Performance · English usage comparison
Latency vs Throughput: English Usage Guide for IT Professionals
Latency measures how long one request takes; throughput measures how many requests a system handles per second. A system can have low latency but low throughput (fast for one user, slow under load) or high throughput but high latency (processes many requests, each slowly). Both matter — but for different reasons.
Side-by-side comparison
| Aspect | Latency | Throughput |
|---|---|---|
| What it measures | Time for one operation (ms) | Operations per unit of time (req/s) |
| Analogy | How fast one car travels | How many cars pass a toll booth per hour |
| Optimised by | Caching, reducing hops, faster code | Parallelism, horizontal scaling, queues |
| Key metric form | p50, p95, p99 in milliseconds | Requests per second (RPS), TPS |
Example sentences
Latency
- "Our p99 latency is 450 ms — the slowest 1% of requests take nearly half a second."
- "Adding a Redis cache cut database latency from 80 ms to under 2 ms."
Throughput
- "After horizontal scaling, throughput increased from 500 to 3,000 requests per second."
- "The message queue increases throughput by letting workers process jobs in parallel."
Exercises: choose the correct English usage
Select the best answer for each question, then check your reasoning.
1. A user complains the page "takes forever to load". They are describing high ___.
Explanation: "Latency" — the delay experienced for a single request.
2. An engineer says "we need to handle 10,000 requests per second." They are talking about ___.
Explanation: "Throughput" — the volume of requests the system can handle per unit of time.
3. Which metric uses "p99"?
Explanation: "p99 latency" (99th-percentile latency) measures the worst-case response time excluding the top 1%.
4. Which sentence uses "throughput" correctly?
Explanation: Adding workers increases concurrency and therefore throughput (more work done per second).
5. True or false: reducing latency always increases throughput.
Explanation: They are related but independent. You can improve one without improving the other.

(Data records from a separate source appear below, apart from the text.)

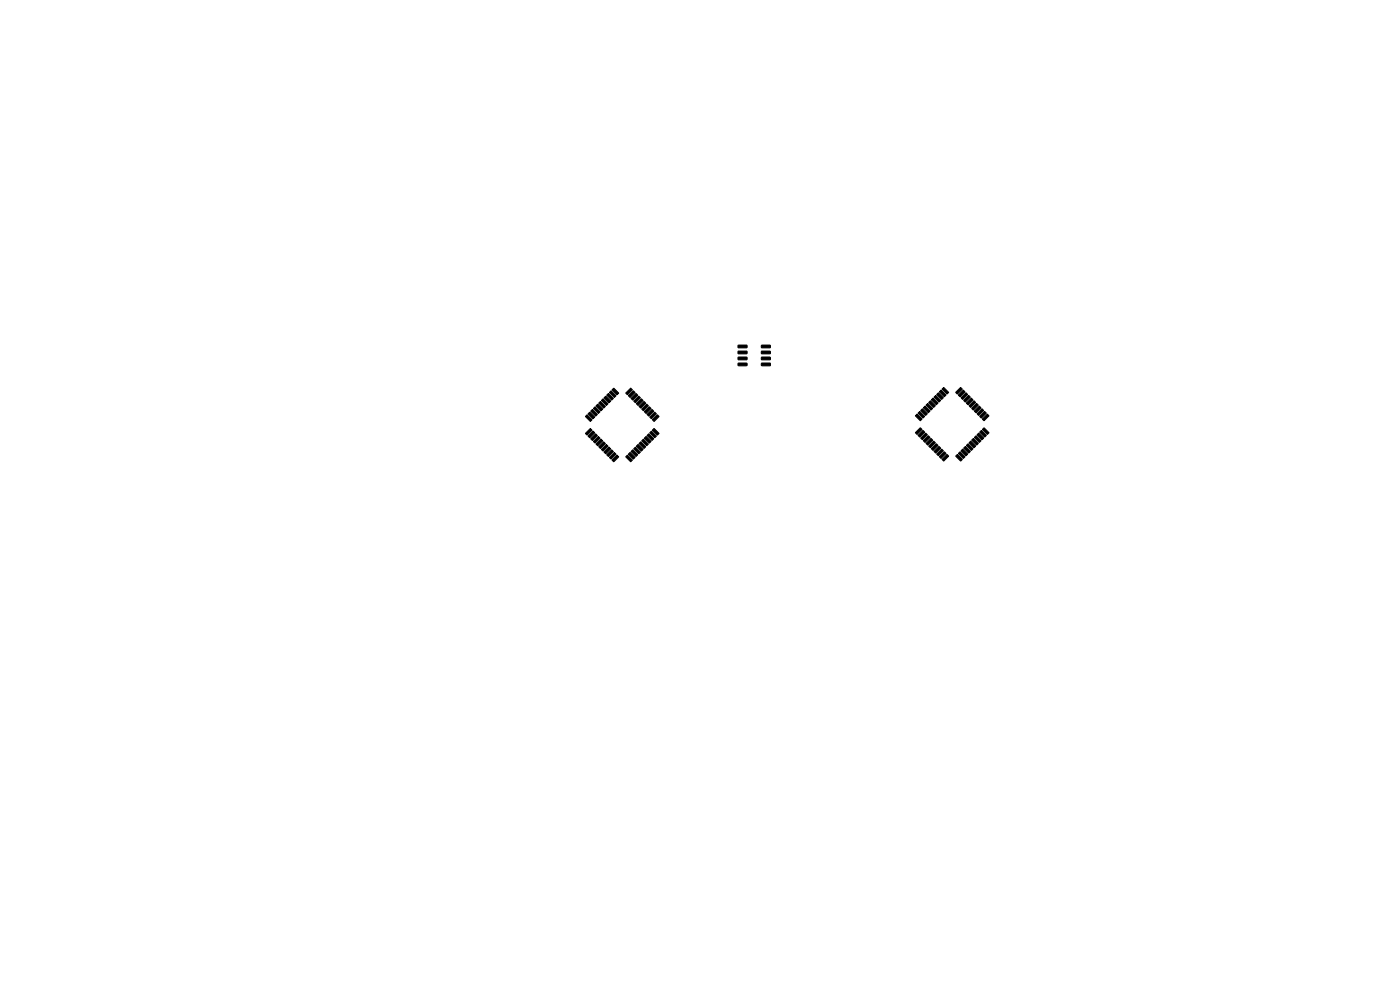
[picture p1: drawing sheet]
<svg xmlns="http://www.w3.org/2000/svg" width="297mm" height="210mm" viewBox="0 0 297 210" stroke-linecap="round" stroke-linejoin="round" font-family="sans-serif">
<g fill="#000" stroke="#000" stroke-width=".21">
<path d="M156.6 73.2h1.8l.1 .5-1.9 .1zM156.6 74.5h1.8l.1 .5-1.9 .1zM156.6 75.8l1.8-.1 .1 .5-1.9 .1zM156.6 77h1.8l.1 .5-1.9 .1zM161.5 77h1.9v.5l-1.8 .1zM161.5 75.8l1.9-.1v.5l-1.8 .1zM161.5 74.5h1.9v.5l-1.8 .1zM161.5 73.2h1.9v.5l-1.8 .1zM124.5 88l1.1 1-.4 .4-1-1zM125.1 87.4l1.1 1.1-.4 .3-1.1-1zM124.2 91.9l1-1 .4 .3-1.1 1.1zM125.7 86.9l1 1-.3 .4-1.1-1.1z"/>
<path d="M125.8 91.4l.4 .4-1.1 1.1-.4-.4zM126.2 86.3l1.1 1-.4 .4-1-1zM126.4 92l.3 .4-1 1-.4-.3zM126.4 86.1l.4-.4 1.1 1.1-.4 .3zM126.9 92.6l.4 .3-1.1 1.1-.3-.4zM127.4 85.2l1 1-.3 .4-1.1-1.1zM126.4 94.2l1.1-1.1 .4 .4-1.1 1.1zM127.6 85l.3-.4 1.1 1-.4 .4zM128.1 93.7l.3 .4-1 1-.4-.3zM128.1 84.4l.4-.4 1.1 1.1-.4 .4zM128.6 94.3l.4 .3-1.1 1.1-.3-.4zM129.1 83.5l1 1-.3 .4-1.1-1.1z"/>
<path d="M128.1 95.9l1.1-1.1 .4 .4-1.1 1.1zM129.6 82.9l1.1 1.1-.4 .3-1-1zM129.8 95.4l.3 .4-1 1-.4-.3zM130.2 82.3l1.1 1.1-.4 .4-1.1-1.1zM129.3 97l1-1 .4 .3-1.1 1.1zM130.9 96.5l.4 .4-1.1 1.1-.4-.4zM133.1 96.5l1.1 1.1-.4 .4-1.1-1.1zM133.7 96l1 1-.3 .4-1.1-1.1zM132.7 83.4l1.1-1.1 .4 .4-1.1 1.1zM134.2 95.4l1.1 1.1-.4 .3-1-1zM134.4 82.9l.3 .4-1 1-.4-.3zM134.8 94.8l1.1 1.1-.4 .4-1.1-1.1z"/>
<path d="M133.9 84.5l1-1 .4 .3-1.1 1.1zM135 94.6l.4-.3 1 1-.3 .4zM135.5 84l.4 .4-1.1 1.1-.4-.4zM135.9 93.7l1.1 1.1-.4 .3-1-1zM135 85.6l1.1-1 .3 .4-1 1zM136.1 93.5l.4-.4 1.1 1.1-.4 .4zM136.6 85.2l.4 .3-1.1 1.1-.3-.4zM136.7 92.9l.4-.3 1 1-.3 .4zM137.2 85.7l.4 .4-1.1 1-.4-.3zM137.6 92l1.1 1.1-.4 .3-1-1zM136.7 87.3l1.1-1 .3 .4-1 1zM138.2 91.4l1.1 1.1-.4 .4-1.1-1.1z"/>
<path d="M138.3 86.9l.4 .3-1.1 1.1-.3-.4zM138.8 90.9l1 1-.3 .4-1.1-1.1zM138.9 87.4l.4 .4-1.1 1-.4-.3zM139.5 88l.3 .4-1 1-.4-.4zM194.5 87.8l1.1 1.1-.4 .4-1-1.1zM194.7 87.6l.4-.3 1.1 1-.4 .4zM194.2 91.8l1-1.1 .4 .4-1.1 1.1zM195.3 87.1l.4-.4 1 1.1-.3 .3zM194.7 92.4l1.1-1.1 .4 .4-1.1 1zM195.9 86.5l.3-.4 1.1 1.1-.4 .4zM196.4 91.9l.3 .3-1 1.1-.4-.4zM196.4 85.9l.4-.3 1.1 1-.4 .4z"/>
<path d="M196.9 92.4l.4 .4-1.1 1.1-.3-.4zM197.4 85l1 1.1-.3 .3-1.1-1zM197.5 93l.4 .4-1.1 1-.4-.3zM197.6 84.8l.3-.4 1.1 1.1-.4 .4zM197 94.6l1.1-1 .3 .3-1 1.1zM198.5 83.9l1.1 1-.4 .4-1.1-1.1zM197.6 95.2l1-1.1 .4 .4-1.1 1.1zM199.1 83.3l1 1.1-.3 .3-1.1-1zM199.2 94.7l.4 .4-1.1 1-.4-.3zM199.6 82.7l1.1 1.1-.4 .4-1-1.1zM198.7 96.3l1.1-1 .3 .3-1 1.1zM200.2 82.2l1.1 1-.4 .4-1.1-1.1z"/>
<path d="M200.3 95.8l.4 .4-1.1 1.1-.3-.4zM200.9 96.4l.4 .4-1.1 1-.4-.3zM203.1 96.4l1.1 1.1-.4 .3-1.1-1zM203.3 96.2l.4-.4 1 1.1-.3 .4zM202.7 83.2l1.1-1 .4 .3-1.1 1.1zM203.9 95.6l.3-.3 1.1 1-.4 .4zM203.3 83.8l1.1-1.1 .3 .4-1 1.1zM204.4 95.1l.4-.4 1.1 1.1-.4 .3zM203.9 84.4l1-1.1 .4 .4-1.1 1zM205 94.5l.4-.4 1 1.1-.3 .4zM205.5 83.9l.4 .3-1.1 1.1-.4-.4zM205.6 93.9l.3-.3 1.1 1-.4 .4z"/>
<path d="M206.1 84.4l.3 .4-1 1.1-.4-.4zM206.1 93.4l.4-.4 1.1 1.1-.4 .3zM205.6 86.1l1-1.1 .4 .4-1.1 1zM207.1 92.4l1 1.1-.3 .4-1.1-1.1zM206.1 86.6l1.1-1 .4 .3-1.1 1.1zM207.6 91.9l1.1 1-.4 .4-1-1.1zM207.8 86.1l.3 .4-1 1.1-.4-.4zM208.2 91.3l1.1 1.1-.4 .3-1.1-1zM207.3 87.8l1-1.1 .4 .4-1.1 1zM208.8 90.7l1 1.1-.3 .4-1.1-1.1zM208.9 87.3l.4 .3-1.1 1.1-.4-.4zM209.5 87.8l.3 .4-1 1.1-.4-.4z"/>
</g>
</svg>

Frequently asked questions
What is the difference between latency and response time?
"Response time" usually means the total time from request to response, including processing. "Latency" often refers specifically to the network delay component, though in practice the terms are used interchangeably.
What does p99 mean?
"p99 latency" is the 99th-percentile latency — 99% of requests are faster than this value. It captures the tail experience without being skewed by occasional outliers.
How is throughput measured?
Requests per second (RPS), transactions per second (TPS), or messages per second (MPS), depending on the system.
Can high throughput coexist with high latency?
Yes — a batch-processing system might handle millions of records per hour (high throughput) while each record takes seconds to process (high latency). Streaming pipelines aim to reduce both.
What is "the latency-throughput trade-off"?
Batching requests increases throughput but adds latency (you wait for the batch to fill). Real-time systems prioritise low latency at the cost of lower throughput.
What is "end-to-end latency"?
The total delay from when a user action starts to when they see the result — including network, server processing, and rendering time.
What does "saturate" mean in this context?
"The system is saturated" means throughput has hit its limit — adding more requests only increases latency, it doesn't increase work done.
What is "bandwidth" and how does it differ?
Bandwidth is the maximum data transfer rate of a network connection (e.g. 1 Gbps). Throughput is the actual rate achieved. Latency is the delay regardless of bandwidth.
How do you say "the system is slow"?
Precisely: "latency is high", "p99 is above SLO", or "response times are degraded". Avoid vague "the system is slow" in technical discussions.
What is a "tail latency"?
Latency at the high percentiles (p99, p99.9). Even if average latency is low, tail latency affects the worst-experiencing users and can cascade in microservice calls.